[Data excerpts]
··········
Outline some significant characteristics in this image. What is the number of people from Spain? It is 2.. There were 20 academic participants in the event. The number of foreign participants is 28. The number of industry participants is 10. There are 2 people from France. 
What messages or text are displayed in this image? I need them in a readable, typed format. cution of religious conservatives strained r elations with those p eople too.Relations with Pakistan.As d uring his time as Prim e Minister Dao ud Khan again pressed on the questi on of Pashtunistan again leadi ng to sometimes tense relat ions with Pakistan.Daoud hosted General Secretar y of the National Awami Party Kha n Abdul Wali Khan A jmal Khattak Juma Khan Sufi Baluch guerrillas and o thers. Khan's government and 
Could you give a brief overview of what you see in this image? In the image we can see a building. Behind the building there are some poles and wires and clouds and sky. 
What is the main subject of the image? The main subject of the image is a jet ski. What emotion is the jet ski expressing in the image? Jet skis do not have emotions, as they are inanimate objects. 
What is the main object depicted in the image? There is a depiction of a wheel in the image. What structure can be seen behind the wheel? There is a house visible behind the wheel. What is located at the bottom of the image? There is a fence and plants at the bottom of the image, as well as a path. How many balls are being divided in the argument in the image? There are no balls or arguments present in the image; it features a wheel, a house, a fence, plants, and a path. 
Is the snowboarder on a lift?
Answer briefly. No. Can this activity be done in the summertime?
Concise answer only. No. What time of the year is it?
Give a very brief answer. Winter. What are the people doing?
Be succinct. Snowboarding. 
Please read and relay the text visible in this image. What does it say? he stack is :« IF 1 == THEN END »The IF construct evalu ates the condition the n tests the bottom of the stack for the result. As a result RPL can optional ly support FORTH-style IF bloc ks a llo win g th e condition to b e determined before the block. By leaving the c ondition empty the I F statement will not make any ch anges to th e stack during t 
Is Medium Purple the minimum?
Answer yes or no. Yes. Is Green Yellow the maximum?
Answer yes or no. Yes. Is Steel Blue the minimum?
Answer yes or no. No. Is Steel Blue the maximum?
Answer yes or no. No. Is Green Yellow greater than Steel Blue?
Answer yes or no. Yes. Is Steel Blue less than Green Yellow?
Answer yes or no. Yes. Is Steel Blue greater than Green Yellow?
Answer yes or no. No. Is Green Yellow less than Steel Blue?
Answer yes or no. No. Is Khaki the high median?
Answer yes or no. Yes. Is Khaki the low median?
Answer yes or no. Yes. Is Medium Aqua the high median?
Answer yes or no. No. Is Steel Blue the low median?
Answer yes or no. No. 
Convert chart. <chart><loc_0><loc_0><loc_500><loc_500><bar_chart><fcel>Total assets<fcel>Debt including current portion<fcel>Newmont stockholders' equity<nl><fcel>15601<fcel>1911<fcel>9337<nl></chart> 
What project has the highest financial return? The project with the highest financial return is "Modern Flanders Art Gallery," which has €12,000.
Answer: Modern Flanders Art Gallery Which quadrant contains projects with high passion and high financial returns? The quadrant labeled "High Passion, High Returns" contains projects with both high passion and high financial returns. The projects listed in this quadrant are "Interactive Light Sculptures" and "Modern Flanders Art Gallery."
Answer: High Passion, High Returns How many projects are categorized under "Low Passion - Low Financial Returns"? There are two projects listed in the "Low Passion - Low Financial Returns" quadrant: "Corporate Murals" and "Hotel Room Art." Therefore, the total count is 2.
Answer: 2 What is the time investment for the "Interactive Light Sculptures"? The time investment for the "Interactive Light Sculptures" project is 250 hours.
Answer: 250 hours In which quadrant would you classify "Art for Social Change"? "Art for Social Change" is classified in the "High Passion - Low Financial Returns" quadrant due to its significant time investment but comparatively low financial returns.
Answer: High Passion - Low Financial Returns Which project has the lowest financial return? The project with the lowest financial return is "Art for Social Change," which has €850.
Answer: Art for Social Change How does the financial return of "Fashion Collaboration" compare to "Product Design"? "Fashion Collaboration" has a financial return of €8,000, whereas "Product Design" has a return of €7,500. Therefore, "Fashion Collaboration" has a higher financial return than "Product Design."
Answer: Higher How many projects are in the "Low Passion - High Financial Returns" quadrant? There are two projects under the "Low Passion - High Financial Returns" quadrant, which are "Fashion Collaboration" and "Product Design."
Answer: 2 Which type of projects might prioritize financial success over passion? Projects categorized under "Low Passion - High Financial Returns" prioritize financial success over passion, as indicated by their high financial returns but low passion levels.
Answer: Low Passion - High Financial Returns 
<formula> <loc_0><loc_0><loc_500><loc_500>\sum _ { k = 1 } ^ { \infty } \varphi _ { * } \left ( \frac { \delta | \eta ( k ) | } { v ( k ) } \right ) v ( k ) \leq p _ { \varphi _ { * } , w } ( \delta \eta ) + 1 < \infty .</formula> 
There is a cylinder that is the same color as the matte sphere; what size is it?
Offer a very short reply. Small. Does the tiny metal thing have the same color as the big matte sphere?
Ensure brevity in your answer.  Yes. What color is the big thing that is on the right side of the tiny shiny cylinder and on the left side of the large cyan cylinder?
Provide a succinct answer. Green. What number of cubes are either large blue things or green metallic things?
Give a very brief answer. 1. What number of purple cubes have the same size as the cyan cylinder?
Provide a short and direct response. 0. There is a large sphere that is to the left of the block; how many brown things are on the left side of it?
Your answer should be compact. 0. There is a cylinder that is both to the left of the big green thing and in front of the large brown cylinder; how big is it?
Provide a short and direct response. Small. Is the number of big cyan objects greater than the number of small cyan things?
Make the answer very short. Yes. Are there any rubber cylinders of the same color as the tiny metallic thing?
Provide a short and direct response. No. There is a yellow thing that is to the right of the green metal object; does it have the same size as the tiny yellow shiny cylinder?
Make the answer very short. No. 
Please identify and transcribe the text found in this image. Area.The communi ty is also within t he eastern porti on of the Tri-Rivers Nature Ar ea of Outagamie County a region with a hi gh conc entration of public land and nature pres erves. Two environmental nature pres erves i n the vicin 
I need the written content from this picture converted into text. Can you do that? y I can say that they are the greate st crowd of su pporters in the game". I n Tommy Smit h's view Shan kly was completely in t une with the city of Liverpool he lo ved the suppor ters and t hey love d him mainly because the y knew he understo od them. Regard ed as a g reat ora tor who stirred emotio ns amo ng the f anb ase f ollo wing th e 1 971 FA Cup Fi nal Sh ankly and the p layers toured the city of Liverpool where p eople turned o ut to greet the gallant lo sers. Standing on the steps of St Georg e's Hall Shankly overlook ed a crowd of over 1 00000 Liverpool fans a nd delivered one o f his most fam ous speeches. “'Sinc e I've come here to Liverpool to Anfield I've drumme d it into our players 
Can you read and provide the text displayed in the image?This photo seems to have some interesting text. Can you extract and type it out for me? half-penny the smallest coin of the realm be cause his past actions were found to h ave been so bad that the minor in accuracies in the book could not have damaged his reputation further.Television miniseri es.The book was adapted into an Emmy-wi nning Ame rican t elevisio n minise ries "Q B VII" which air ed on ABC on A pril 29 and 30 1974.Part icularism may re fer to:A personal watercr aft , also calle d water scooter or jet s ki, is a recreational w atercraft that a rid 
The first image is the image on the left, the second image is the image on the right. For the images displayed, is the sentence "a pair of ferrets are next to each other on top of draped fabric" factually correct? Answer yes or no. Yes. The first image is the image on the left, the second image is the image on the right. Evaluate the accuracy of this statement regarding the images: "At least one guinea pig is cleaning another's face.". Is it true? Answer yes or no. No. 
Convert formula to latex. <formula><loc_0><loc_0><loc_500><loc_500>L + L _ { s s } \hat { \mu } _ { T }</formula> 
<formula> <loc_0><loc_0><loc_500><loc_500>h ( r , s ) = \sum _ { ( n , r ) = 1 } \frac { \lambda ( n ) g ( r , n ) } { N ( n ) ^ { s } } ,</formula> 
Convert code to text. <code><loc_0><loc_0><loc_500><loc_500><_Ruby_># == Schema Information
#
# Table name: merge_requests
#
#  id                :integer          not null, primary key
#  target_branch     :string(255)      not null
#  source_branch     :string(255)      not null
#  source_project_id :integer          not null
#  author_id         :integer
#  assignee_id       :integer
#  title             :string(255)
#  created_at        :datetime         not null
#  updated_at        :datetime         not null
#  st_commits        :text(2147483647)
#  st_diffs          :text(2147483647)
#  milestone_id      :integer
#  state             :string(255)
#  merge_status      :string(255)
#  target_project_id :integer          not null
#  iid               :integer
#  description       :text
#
··········
[HOW TO COMPLETE THIS TASK]:
Using the records above, repeat exactly the lines from the first one through the line with "What is the main subject".

[EXERCISE ANSWER]:
Outline some significant characteristics in this image. What is the number of people from Spain? It is 2.. There were 20 academic participants in the event. The number of foreign participants is 28. The number of industry participants is 10. There are 2 people from France. 
What messages or text are displayed in this image? I need them in a readable, typed format. cution of religious conservatives strained r elations with those p eople too.Relations with Pakistan.As d uring his time as Prim e Minister Dao ud Khan again pressed on the questi on of Pashtunistan again leadi ng to sometimes tense relat ions with Pakistan.Daoud hosted General Secretar y of the National Awami Party Kha n Abdul Wali Khan A jmal Khattak Juma Khan Sufi Baluch guerrillas and o thers. Khan's government and 
Could you give a brief overview of what you see in this image? In the image we can see a building. Behind the building there are some poles and wires and clouds and sky. 
What is the main subject of the image? The main subject of the image is a jet ski. What emotion is the jet ski expressing in the image? Jet skis do not have emotions, as they are inanimate objects. 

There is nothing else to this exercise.